**Task to carry out:**
What is needed is an exact copy of the lines from the start of the records below through the line with "techniques: engraving", without the pictures.

**Records for the task:**
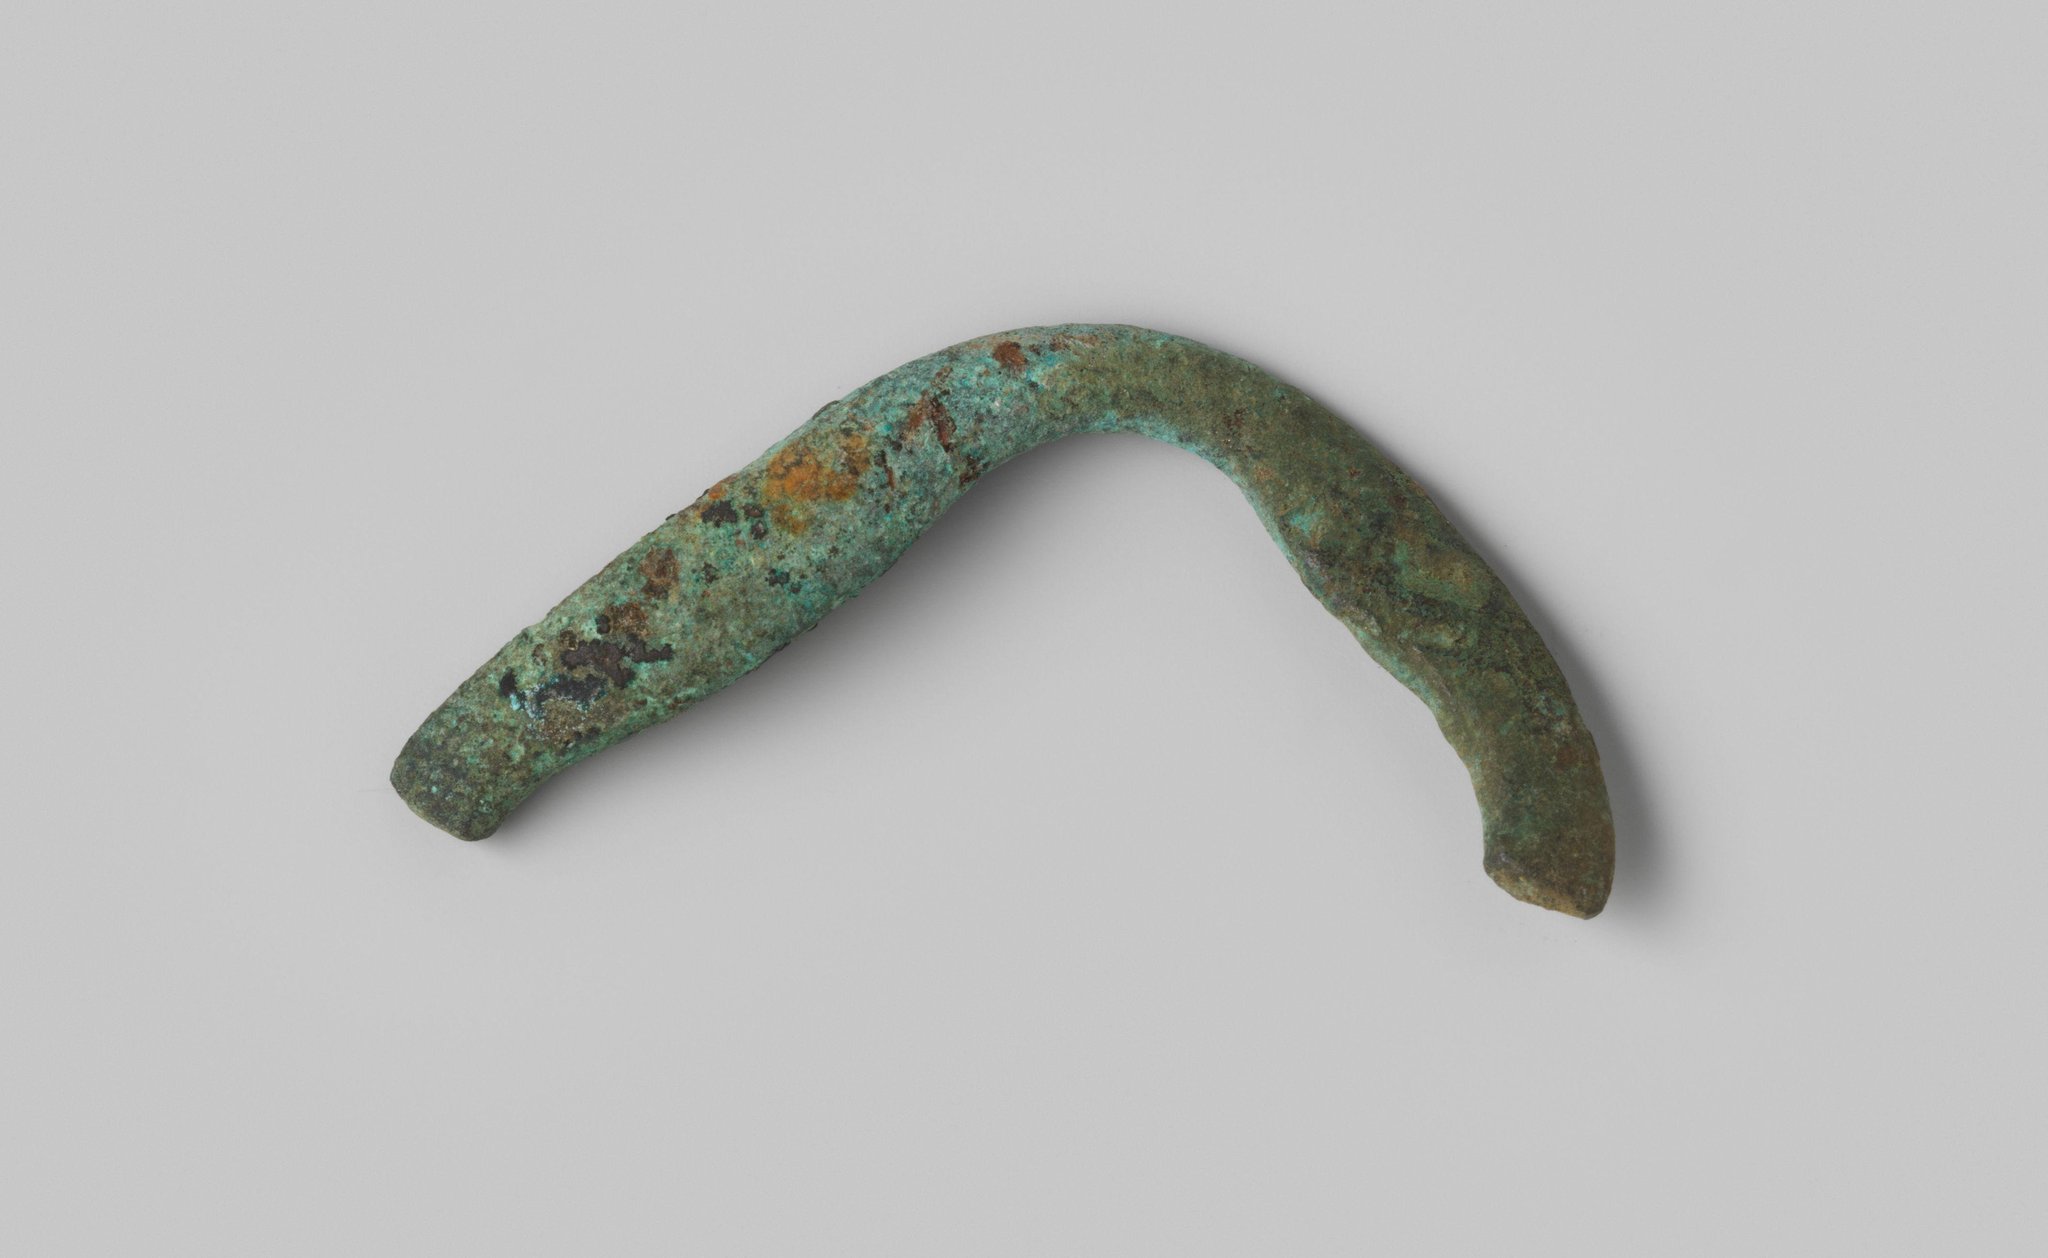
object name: shoe buckle
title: Fragment schoengesp uit het wrak van de Oost-Indiëvaarder Hollandia
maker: Anonymous
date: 1700-1743
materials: copper
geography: netherlands
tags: verenigde oostindische compagnie, hollandia (schip), annet
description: Buckle, chape buckle, shoe buckle; fragment of ring, plain, bulbous sides.
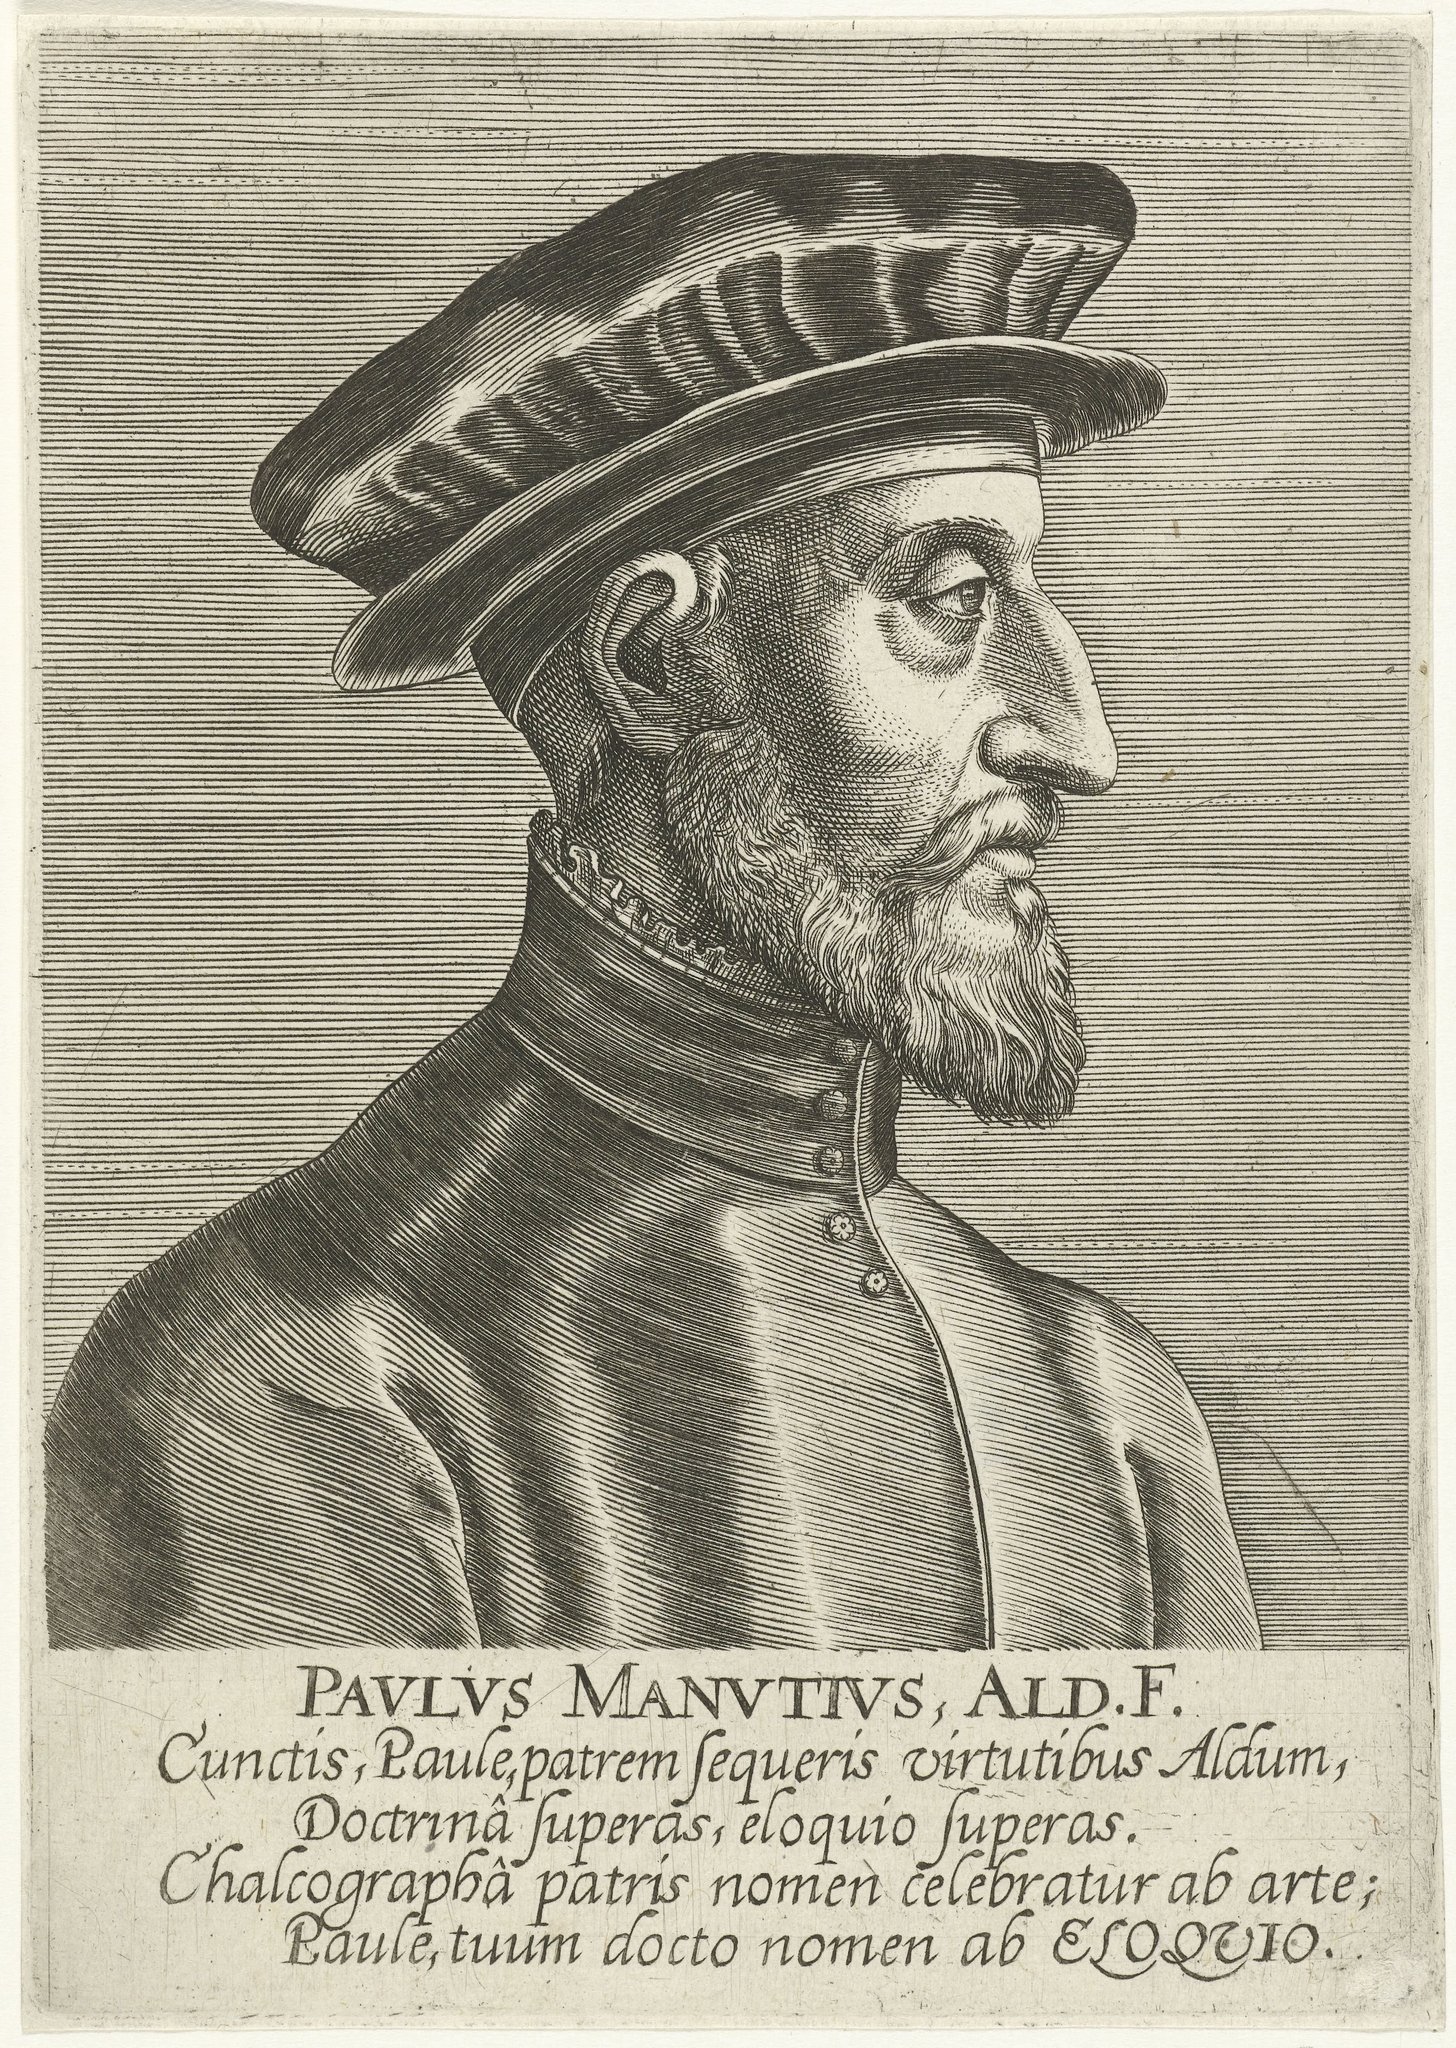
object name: print
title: Pavlvs Manvtivs, Ald. F.
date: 1587-1606
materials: paper
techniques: engraving
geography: antwerp
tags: venice
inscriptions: collector's mark: Lugt 2228
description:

**Response area:**
object name: shoe buckle
title: Fragment schoengesp uit het wrak van de Oost-Indiëvaarder Hollandia
maker: Anonymous
date: 1700-1743
materials: copper
geography: netherlands
tags: verenigde oostindische compagnie, hollandia (schip), annet
description: Buckle, chape buckle, shoe buckle; fragment of ring, plain, bulbous sides.
object name: print
title: Pavlvs Manvtivs, Ald. F.
date: 1587-1606
materials: paper
techniques: engraving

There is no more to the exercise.